HttpClient standardClient = null;
HttpClient cachedClient = null;
PoolingClientConnectionManager connectionManager = null;
protected synchronized HttpClient getStandardClient() {
if ( standardClient == null ) {
connectionManager = new PoolingClientConnectionManager();
connectionManager.setMaxTotal(2);
connectionManager.closeIdleConnections(120, TimeUnit.SECONDS);
standardClient = new DecompressingHttpClient( new DefaultHttpClient
(connectionManager));
}
return standardClient;
}
protected synchronized HttpClient getCachedClient() {
if ( cachedClient == null ) {
CacheConfig cacheConfig = new CacheConfig();
cacheConfig.setMaxObjectSize( 512*1024 );
cacheConfig.setMaxCacheEntries( 10 );
cachedClient = new CachingHttpClient(getStandardClient(),
getCacheStorage(),
cacheConfig);
}
return cachedClient;
}
As you can see I have two http clients.
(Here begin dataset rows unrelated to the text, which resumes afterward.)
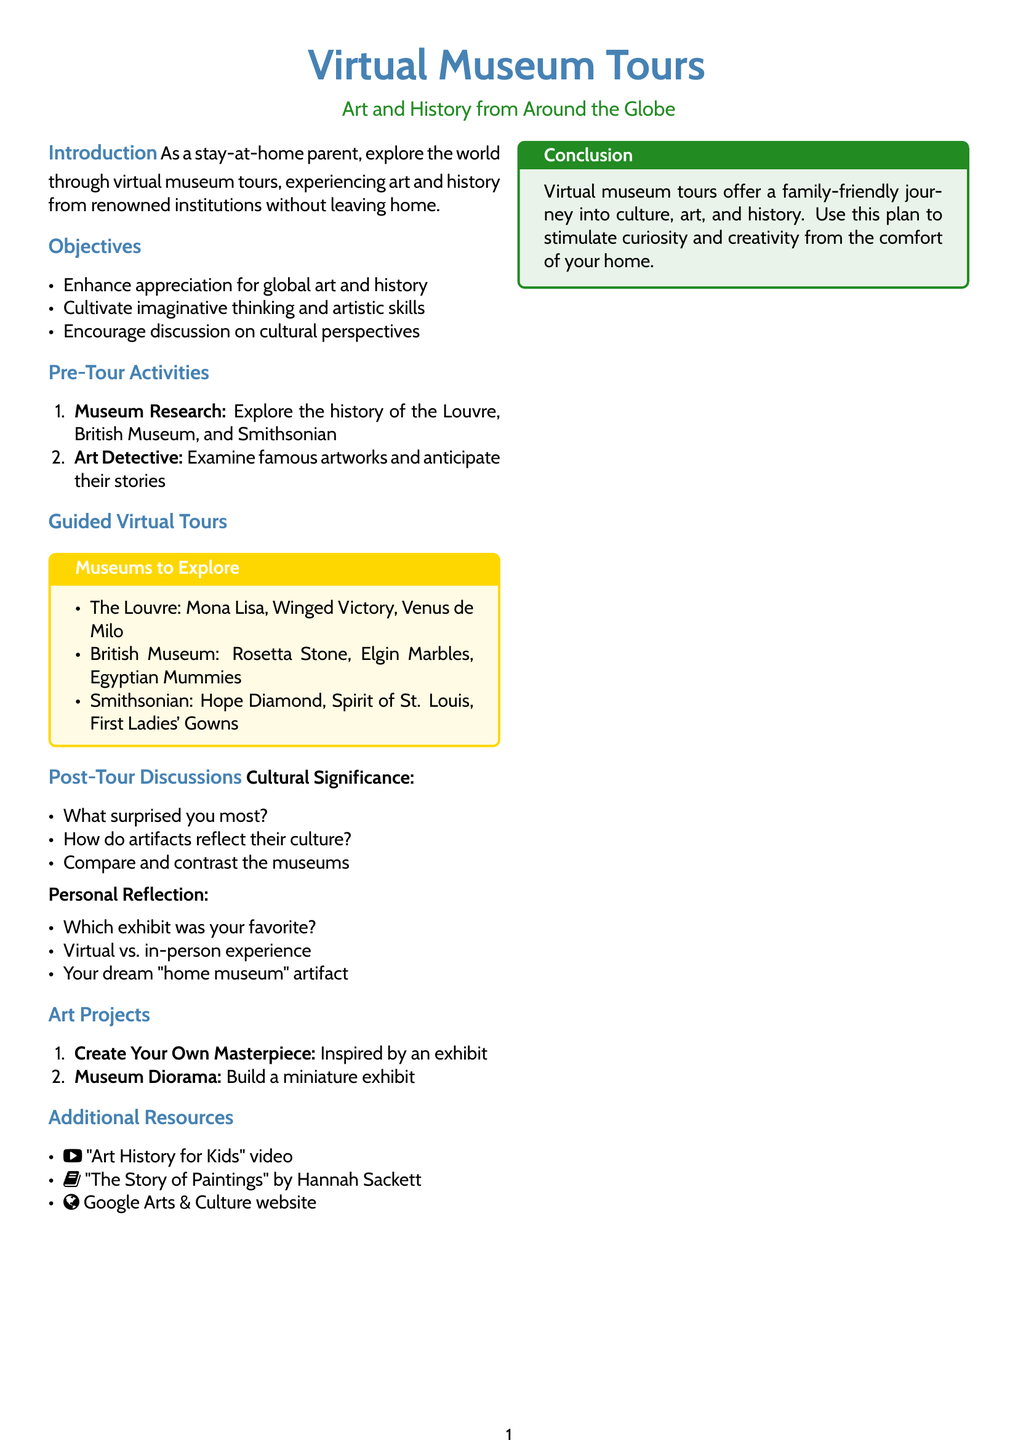What are the objectives of the lesson? The objectives of the lesson are listed in the document and include enhancing appreciation for global art and history, cultivating imaginative thinking and artistic skills, and encouraging discussion on cultural perspectives.
Answer: Enhance appreciation for global art and history, cultivate imaginative thinking and artistic skills, encourage discussion on cultural perspectives Which three museums are featured in the guided virtual tours? The document lists specific museums to explore during the virtual tours, which include the Louvre, British Museum, and Smithsonian.
Answer: The Louvre, British Museum, Smithsonian What is the name of the book recommended in additional resources? The document provides a recommendation for additional reading, which is titled "The Story of Paintings" by Hannah Sackett.
Answer: The Story of Paintings What type of projects are included after the tours? The lesson plan specifies types of art projects that can be done after the tours, which focus on creating art inspired by museum exhibits.
Answer: Create Your Own Masterpiece, Museum Diorama What is a post-tour discussion question related to cultural significance? The document lists several questions for post-tour discussions, and one asks how artifacts reflect their culture.
Answer: How do artifacts reflect their culture? Which exhibit features the Mona Lisa? The guided virtual tours include this specific exhibit at the Louvre, which is famous for housing the Mona Lisa.
Answer: The Louvre 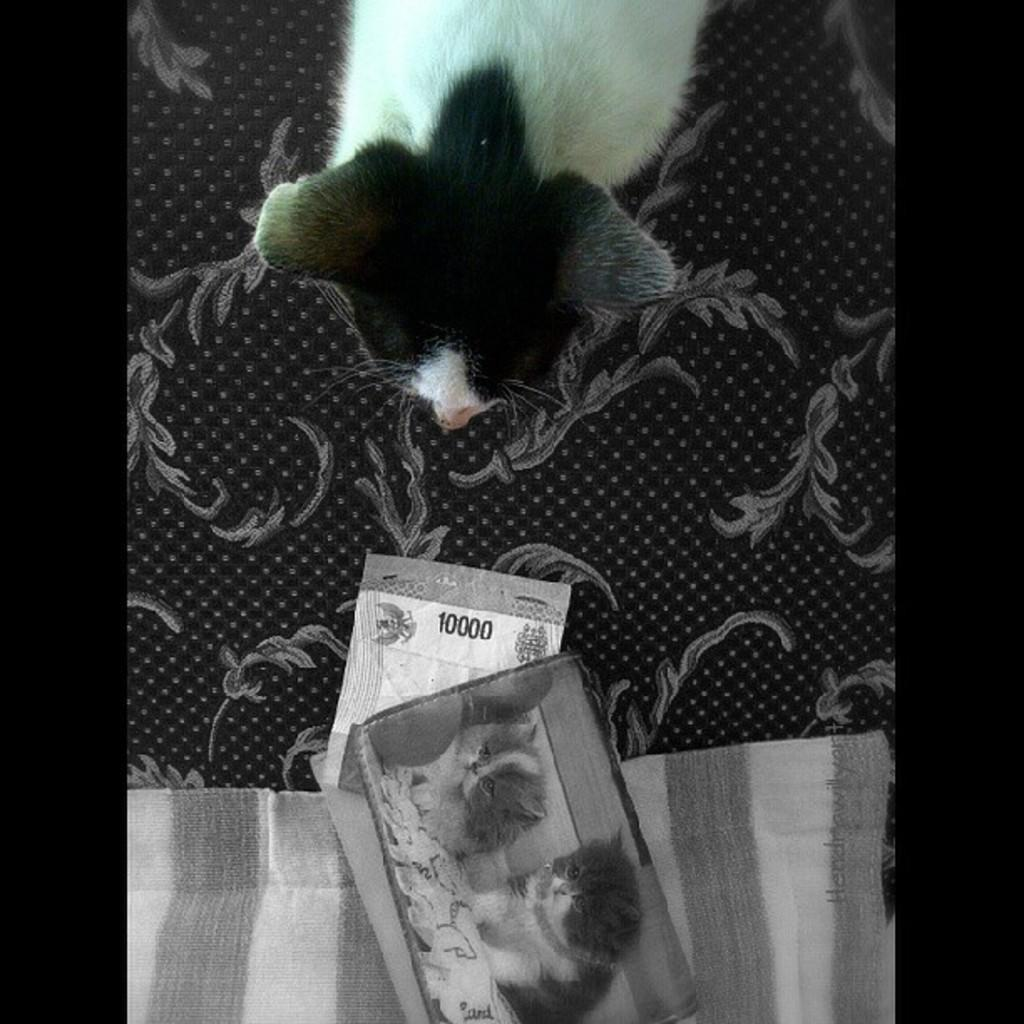What is in the foreground of the image? There are pictures of two kittens in the foreground of the image. What are the pictures placed on? The pictures are on an object. Can you describe the material visible in the image? There is cloth visible in the image. What can be seen at the top of the image? There is an animal and other objects at the top of the image. What type of machine is used to create the boundary in the image? There is no machine or boundary present in the image. 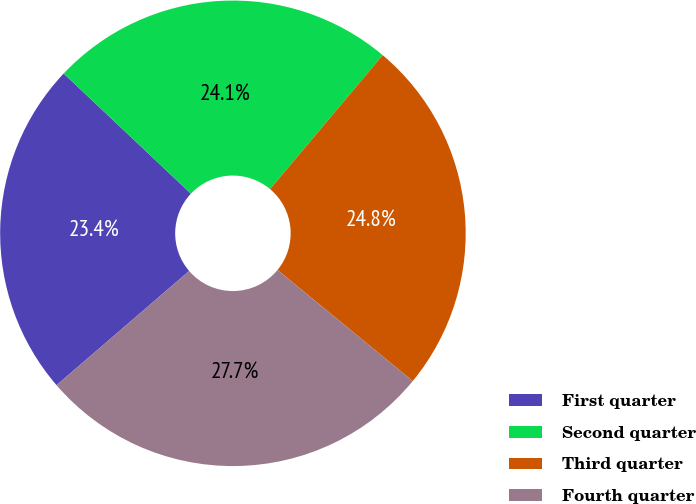Convert chart. <chart><loc_0><loc_0><loc_500><loc_500><pie_chart><fcel>First quarter<fcel>Second quarter<fcel>Third quarter<fcel>Fourth quarter<nl><fcel>23.36%<fcel>24.09%<fcel>24.82%<fcel>27.74%<nl></chart> 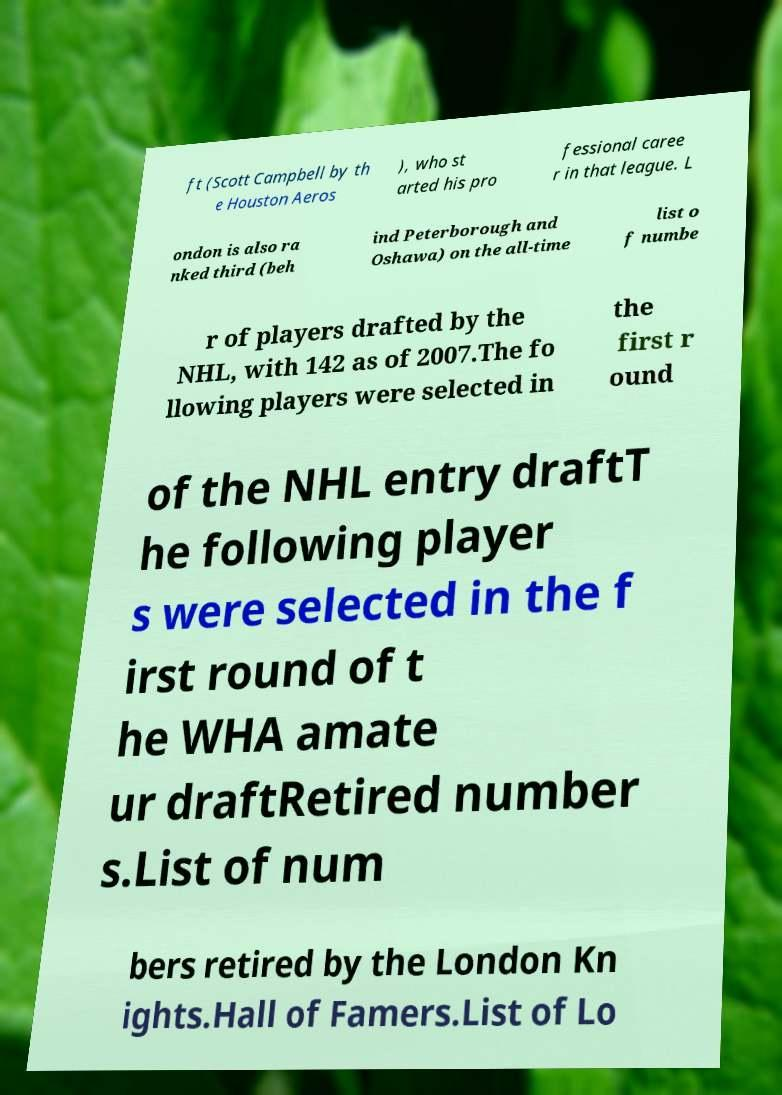Can you read and provide the text displayed in the image?This photo seems to have some interesting text. Can you extract and type it out for me? ft (Scott Campbell by th e Houston Aeros ), who st arted his pro fessional caree r in that league. L ondon is also ra nked third (beh ind Peterborough and Oshawa) on the all-time list o f numbe r of players drafted by the NHL, with 142 as of 2007.The fo llowing players were selected in the first r ound of the NHL entry draftT he following player s were selected in the f irst round of t he WHA amate ur draftRetired number s.List of num bers retired by the London Kn ights.Hall of Famers.List of Lo 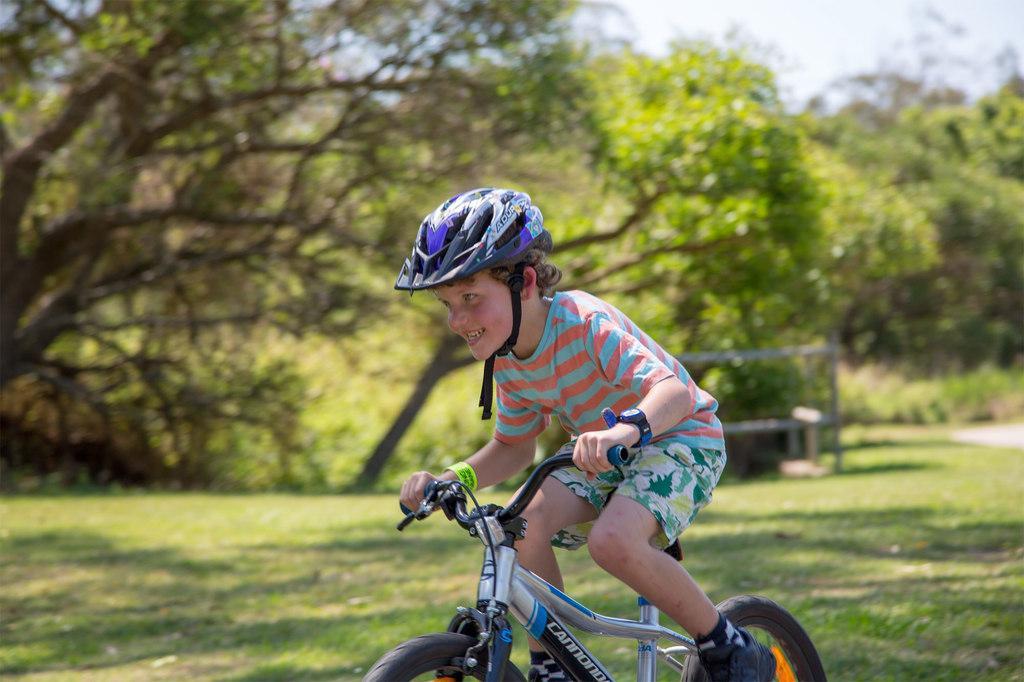Please provide a concise description of this image. In this picture there is a boy riding a bicycle. There is some grass on the ground, bench and some trees are seen in the background. 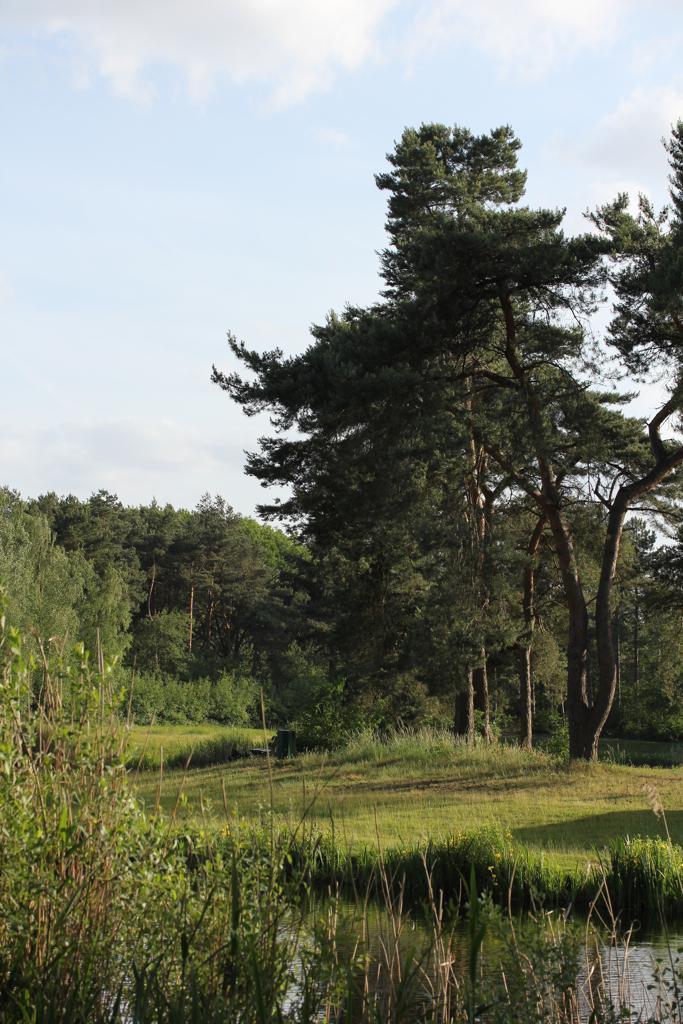Can you describe this image briefly? In this image I can see water, grass, shadows, number of trees, clouds and the sky. 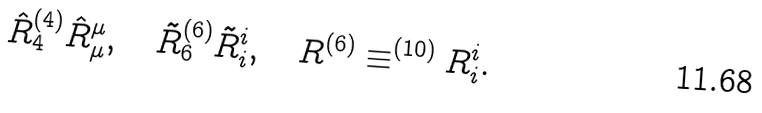<formula> <loc_0><loc_0><loc_500><loc_500>\hat { R } _ { 4 } ^ { ( 4 ) } \hat { R } _ { \mu } ^ { \mu } , \quad \tilde { R } _ { 6 } ^ { ( 6 ) } \tilde { R } _ { i } ^ { i } , \quad R ^ { ( 6 ) } \equiv ^ { ( 1 0 ) } R _ { i } ^ { i } .</formula> 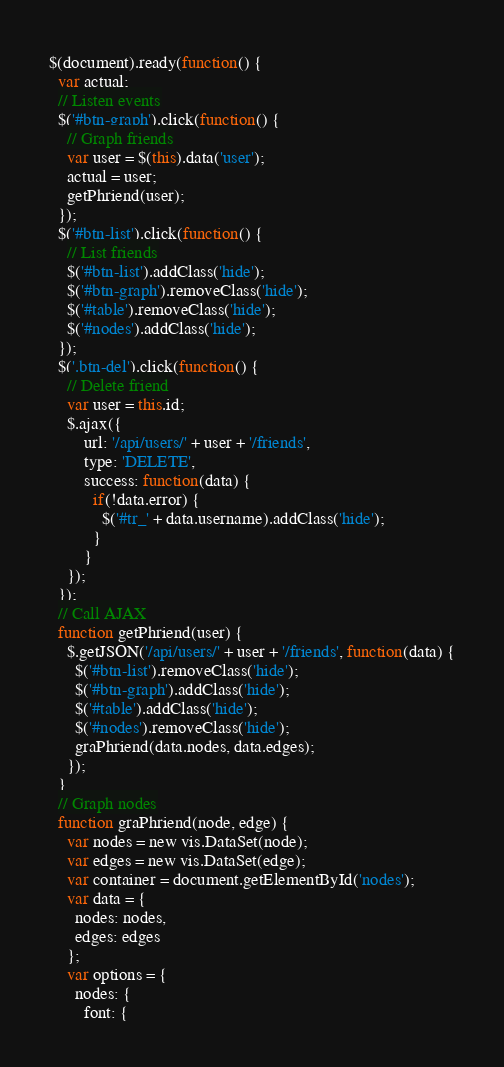Convert code to text. <code><loc_0><loc_0><loc_500><loc_500><_JavaScript_>$(document).ready(function() {
  var actual;
  // Listen events
  $('#btn-graph').click(function() {
    // Graph friends
    var user = $(this).data('user');
    actual = user;
    getPhriend(user);
  });
  $('#btn-list').click(function() {
    // List friends
    $('#btn-list').addClass('hide');
    $('#btn-graph').removeClass('hide');
    $('#table').removeClass('hide');
    $('#nodes').addClass('hide');
  });
  $('.btn-del').click(function() {
    // Delete friend
    var user = this.id;
    $.ajax({
        url: '/api/users/' + user + '/friends',
        type: 'DELETE',
        success: function(data) {
          if(!data.error) {
            $('#tr_' + data.username).addClass('hide');
          }
        }
    });
  });
  // Call AJAX
  function getPhriend(user) {
    $.getJSON('/api/users/' + user + '/friends', function(data) {
      $('#btn-list').removeClass('hide');
      $('#btn-graph').addClass('hide');
      $('#table').addClass('hide');
      $('#nodes').removeClass('hide');
      graPhriend(data.nodes, data.edges);
    });
  }
  // Graph nodes
  function graPhriend(node, edge) {
    var nodes = new vis.DataSet(node);
    var edges = new vis.DataSet(edge);
    var container = document.getElementById('nodes');
    var data = {
      nodes: nodes,
      edges: edges
    };
    var options = {
      nodes: {
        font: {</code> 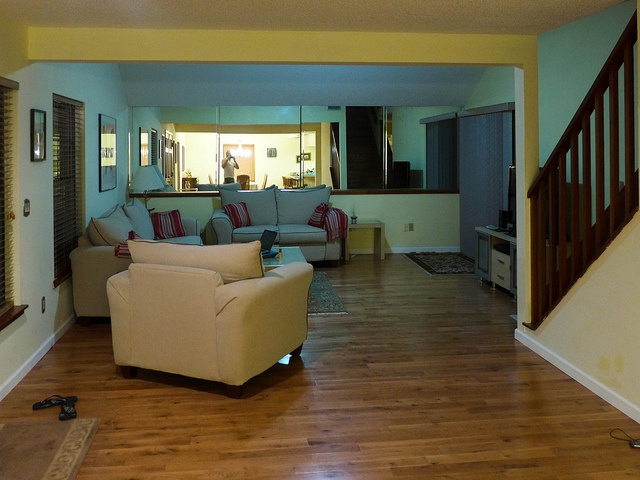Describe the objects in this image and their specific colors. I can see chair in olive and tan tones, couch in olive, teal, and black tones, couch in olive, teal, and black tones, tv in olive, black, and gray tones, and people in olive, tan, gray, and beige tones in this image. 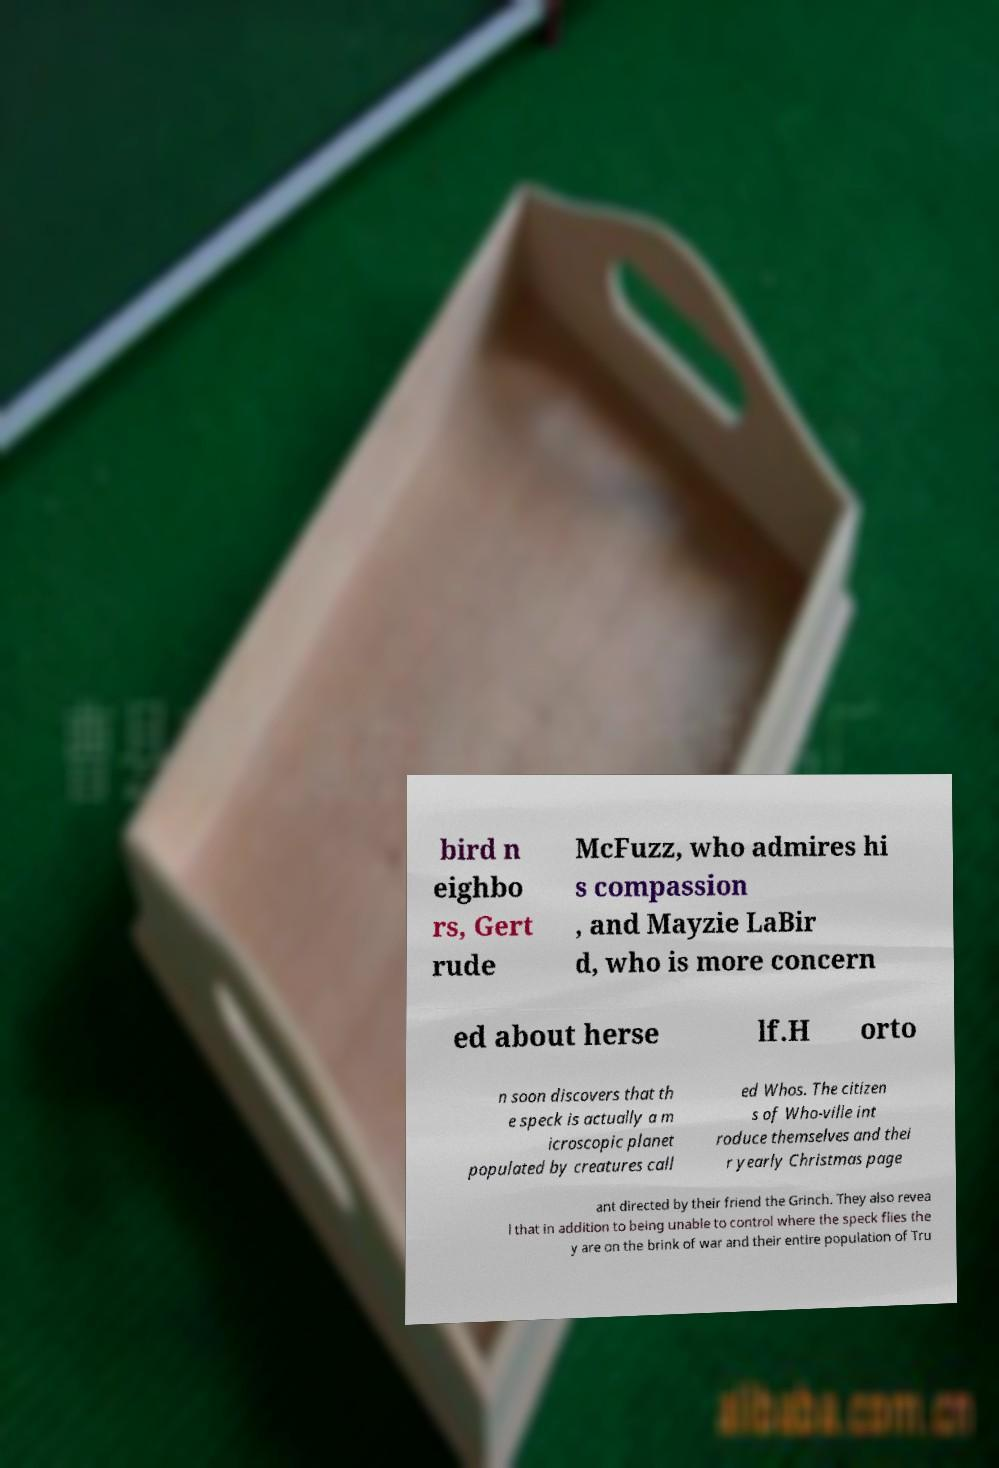Please identify and transcribe the text found in this image. bird n eighbo rs, Gert rude McFuzz, who admires hi s compassion , and Mayzie LaBir d, who is more concern ed about herse lf.H orto n soon discovers that th e speck is actually a m icroscopic planet populated by creatures call ed Whos. The citizen s of Who-ville int roduce themselves and thei r yearly Christmas page ant directed by their friend the Grinch. They also revea l that in addition to being unable to control where the speck flies the y are on the brink of war and their entire population of Tru

A caching http client that wraps the
standard client.
Now what I've found is that if I remove cachedClient and only use
standardClient, I don't have any issues with the pool hanging and orphaned
connections.
2. Here is my code for how I issue and consume requests
HttpClient httpClient = cacheOkay ? getCachedClient() :
getStandardClient();
HttpResponse response = httpClient.execute(request, localContext);
HttpEntity resEntity = response.getEntity();
int responseStatus = response.getStatusLine().getStatusCode();
byte[] responseBody = EntityUtils.toByteArray(resEntity);
EntityUtils.consume(resEntity);
If you set up a test like this and use the cached client, it will hang fairly
quickly.
I've been able to work around this by creating the CachingHttpClient as follows:
protected synchronized HttpClient getCachedClient() {
if ( cachedClient == null ) {
WhosHereApplication application =
WhosHereApplication.getInstance();
cachedClient = new CachingHttpClient(getStandardClient(),
new HeapResourceFactory() {
@Override
public Resource generate(
String requestId,
InputStream instream,
InputLimit limit)
throws IOException {
try {
return super.generate(requestId,
instream, limit);
}
finally {
instream.close();
}
}
},
application.getCacheStorage(),
application.getCacheConfig());
Log.i(tag, "Creating CachingHttpClient");
}
return cachedClient;
}
Notice the inline subclass of HeapResourceFactory where I add the stream close
call. Once I add this the caching client no longer freezes up.
I'm not familiar enough with the source code to pinpoint the issue, but appears
the back end entity is not getting consumed properly, forcing this work around.